Çalışma planı: Şubat 2005-Nisan 2006 tarihleri arasında, 44 olguya (30 erkek, 14 kadın; ort. yaş 71±6.5) toplam 47 biyoprotez implante edildi. Yaş sınırı aortik ve mitral pozisyonlarda sırasıyla 55 ve 60 olarak belirlendi. Tüm ameliyatlar elektif şartlarda, standart kardiyopulmoner bypass ile orta dereceli hipotermide (28 ºC) yapıldı. Mitral pozisyonda 30 adet, aortik pozisyonda 17 adet kapak kullanıldı. Üç olguya çift-kapak replasmanı ve dokuz olguya eşzamanlı koroner arter bypass ameliyatı uygulandı. On iki olguda pulmoner ven izolasyonu işlemi yapıldı.
Bulgular: Toplam mortalite %2.27 (n=1) olarak saptandı. Çift kapak replasmanı ve dörtlü koroner arter bypass ameliyatı geçiren olgu, ameliyat sonrası 12. günde hemodiyaliz sonrası heparine bağlı trombositopeni oluştuğundan kaybedildi. Mekanik ventilasyon süresi 24 saati aşan üç hasta görüldü, bu olgular 72 saat içerisinde ekstübe edildi. Tüm olgularda değiştirilen kapağın hemodinamik performansı hastaneden taburcu olmadan önce ekokardiyografi ile değerlendirildi. Mitral pozisyonda ortalama transvalvüler gradient 5.5±1.5 mmHg, aortik pozisyonda peak transaortik gradient 23±9 mmHg olarak saptandı.

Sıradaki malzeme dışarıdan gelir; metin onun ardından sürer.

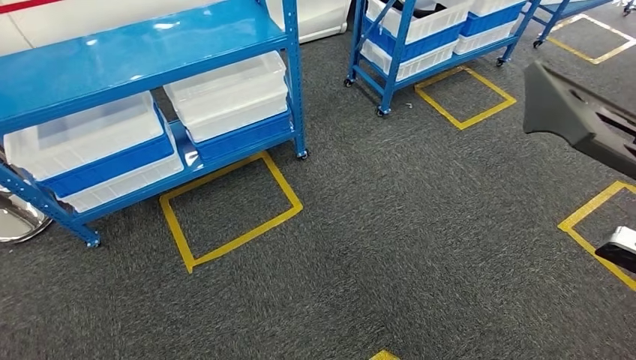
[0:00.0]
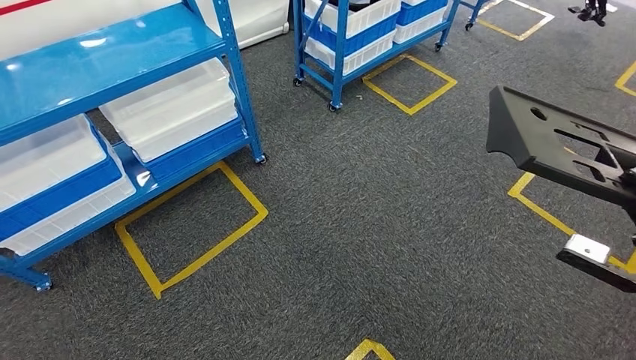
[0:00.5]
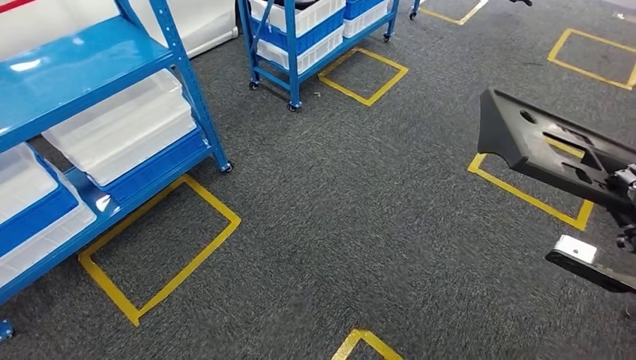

Sonuç: Elde ettiğimiz sonuçlar ışığında, ikinci jenerasyon perikardiyal biyoprotezlerin erken dönemde kabul edilebilir hemodinamik bir performansa sahip oldukları ve birçok risk faktörüne sahip yaşlı hastalarda güvenli bir seçenek olarak değerlendirilmeleri gerektiği görüşündeyiz.